Bayes' rule tells us how to invert a causal process in order to update our beliefs in light of new evidence. If the process is believed to have a complex compositional structure, we may observe that the inversion of the whole can be computed piecewise in terms of the component processes. We study the structure of this compositional rule, noting that it relates to the lens pattern in functional programming. Working in a suitably general axiomatic presentation of a category of Markov kernels, we see how we can think of Bayesian inversion as a particular instance of a state-dependent morphism in a fibred category.

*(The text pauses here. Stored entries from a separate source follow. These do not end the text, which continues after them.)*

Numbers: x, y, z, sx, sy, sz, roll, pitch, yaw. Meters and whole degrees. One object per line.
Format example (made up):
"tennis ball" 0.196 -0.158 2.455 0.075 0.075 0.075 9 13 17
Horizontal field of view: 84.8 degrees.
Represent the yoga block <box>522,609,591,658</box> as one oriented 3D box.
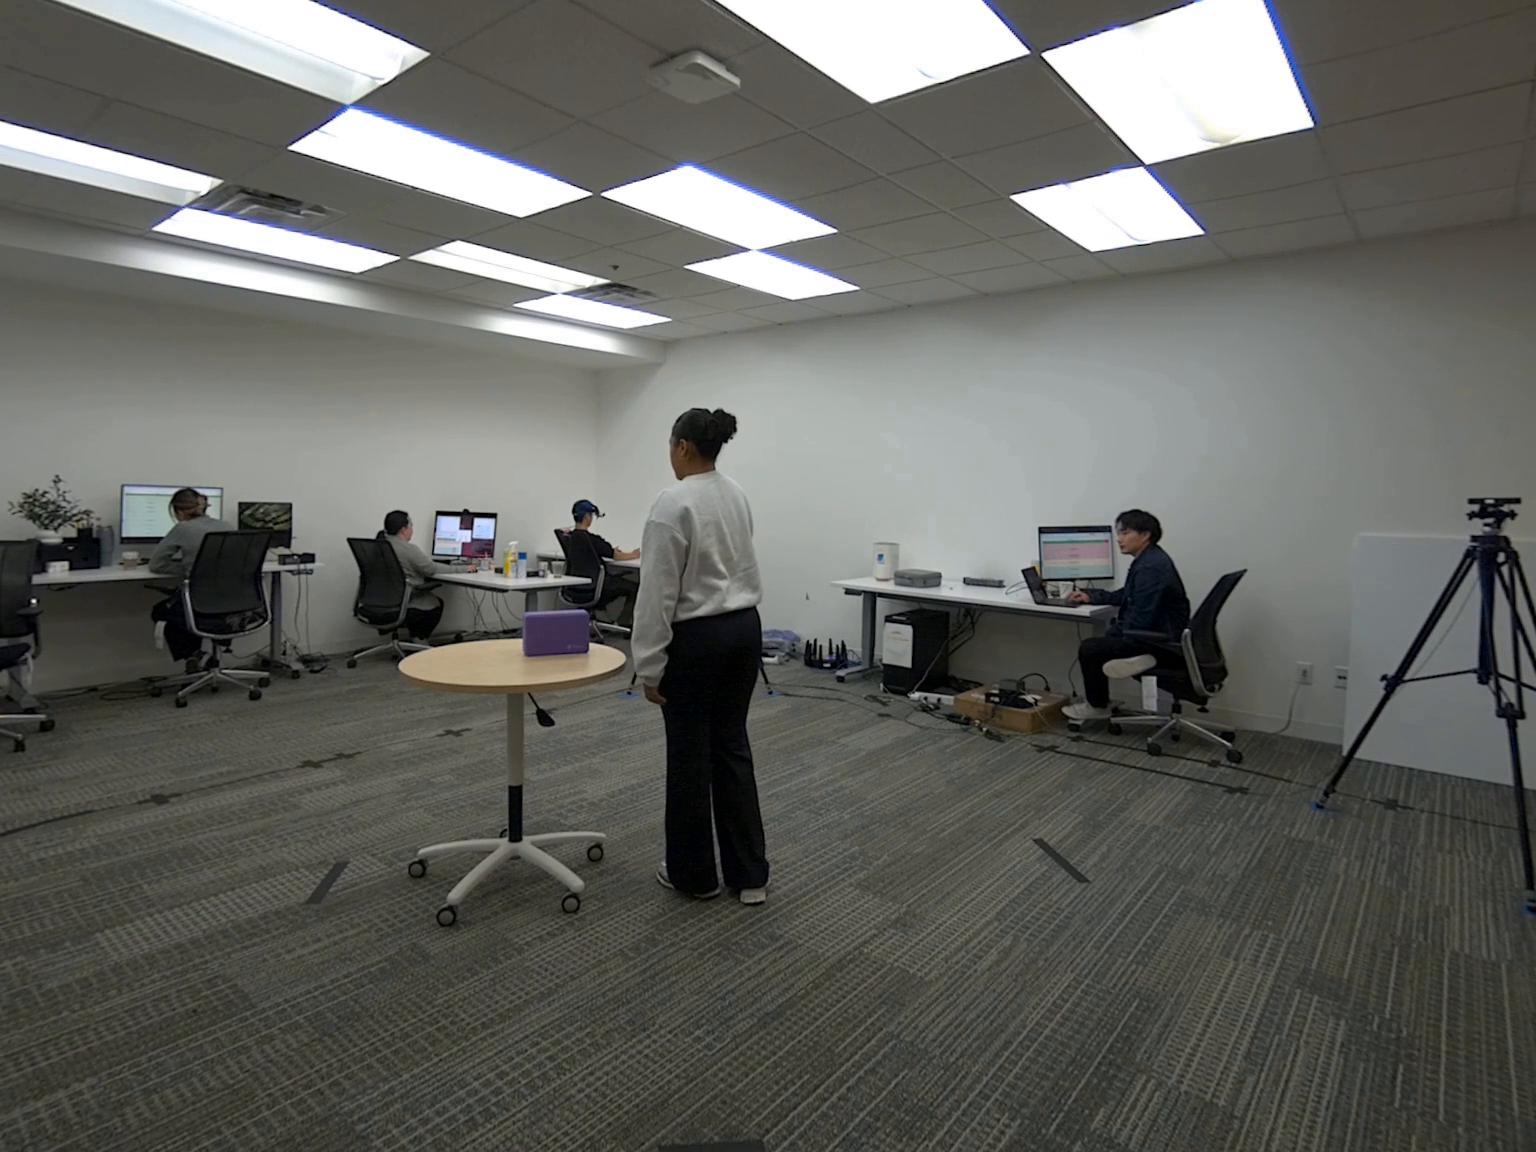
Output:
"yoga block" -0.779 0.204 3.068 0.225 0.148 0.078 -1 4 -18

We discuss the compositional nature of this, formulated as a functor on the underlying category and explore how this can used for a more type-driven approach to statistical inference.

翻译：贝叶斯规则告诉我们如何逆转因果过程，以便根据新证据更新我们的信念。若该过程被认为具有复杂的组合结构，我们可能观察到整体的反转可以通过各组成部分的逐段计算来实现。我们研究这一组合规则的结构，注意到它与函数式编程中的透镜模式相关。在适当普遍的马尔可夫核范畴的公理化表述中，我们看到如何将贝叶斯反演视为纤维范畴中依赖于态射的一个特例。我们讨论其组合性质，将其表述为基础范畴上的函子，并探索如何利用这一点建立更加类型驱动的统计推断方法。